> **Data shown**
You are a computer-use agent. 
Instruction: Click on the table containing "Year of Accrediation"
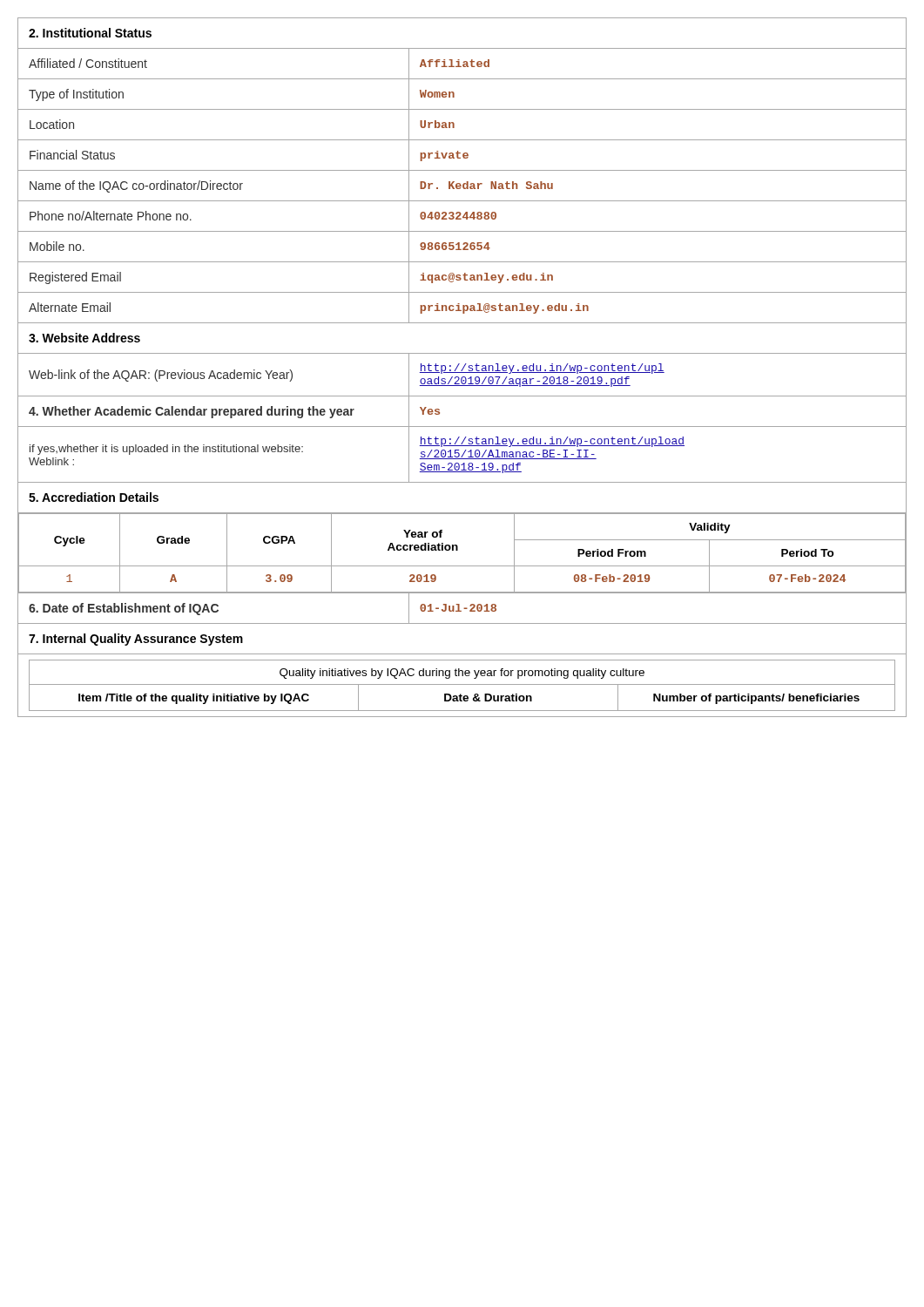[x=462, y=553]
---
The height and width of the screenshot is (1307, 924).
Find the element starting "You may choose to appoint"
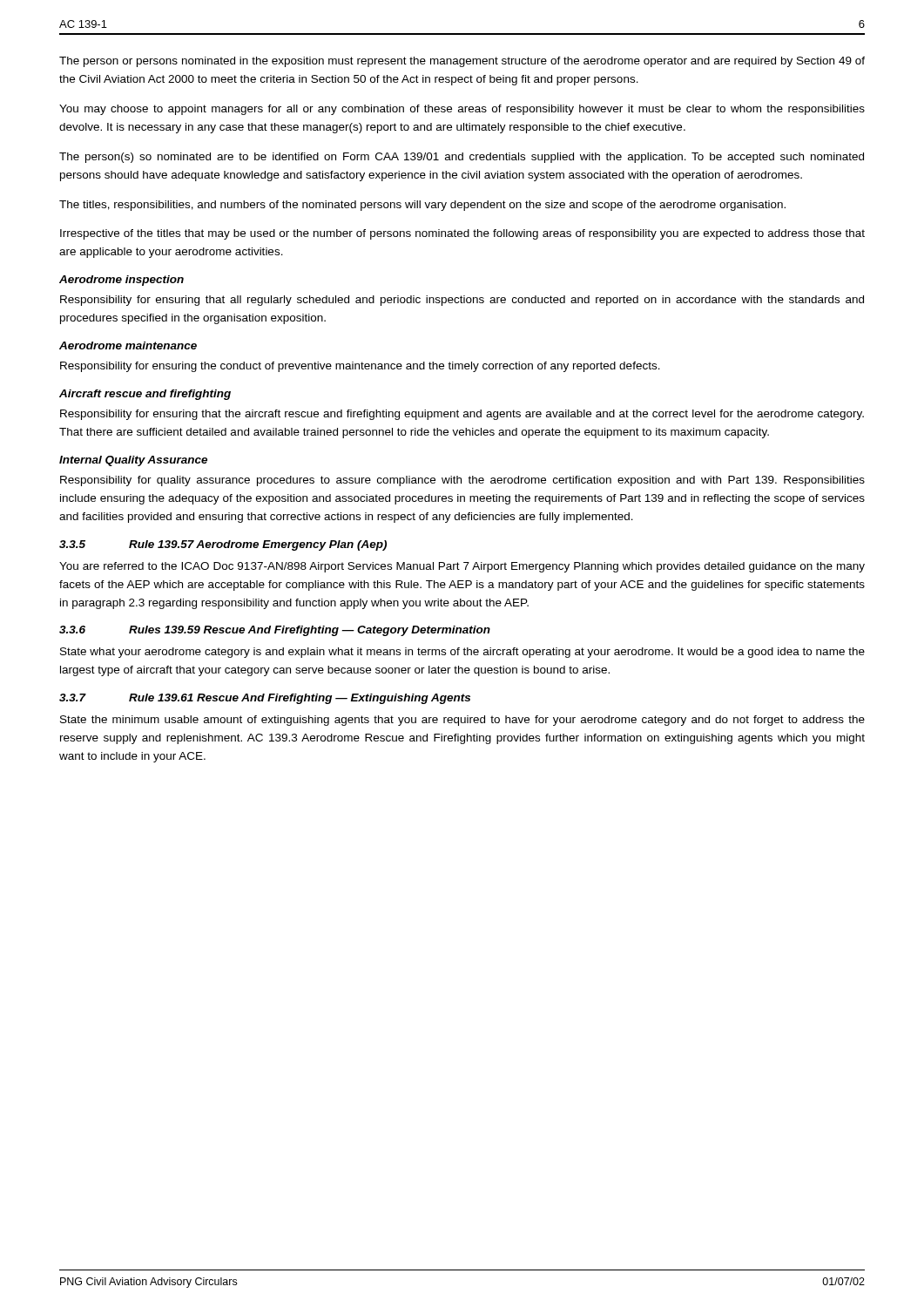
==
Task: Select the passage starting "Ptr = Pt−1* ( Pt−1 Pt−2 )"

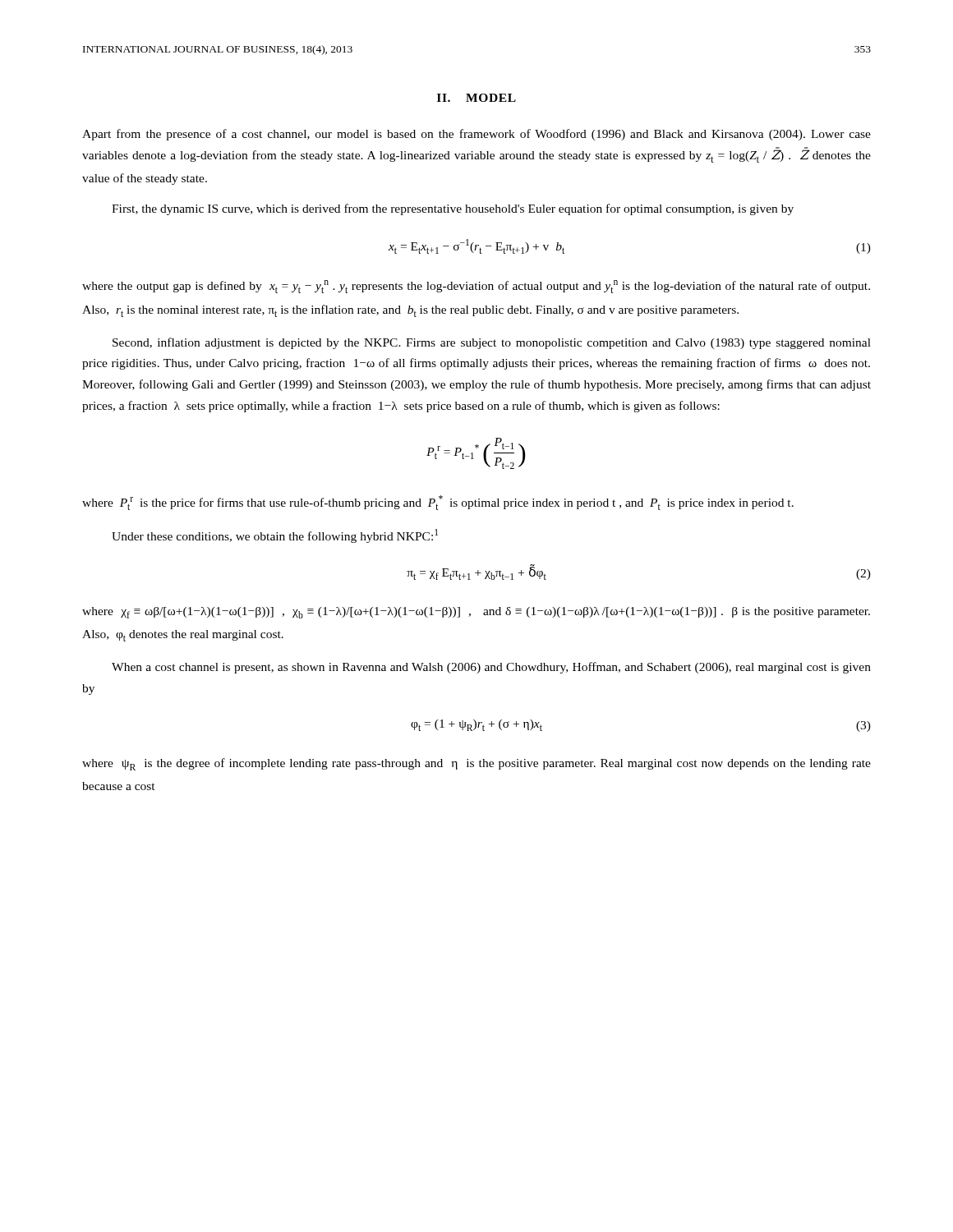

> **Brief**
What lines above mention "starting"? Copy each one.

> **Output for this exercise**
Find the element starting "You may choose to appoint"
Task: Select the passage starting "Ptr = Pt−1* ( Pt−1 Pt−2 )"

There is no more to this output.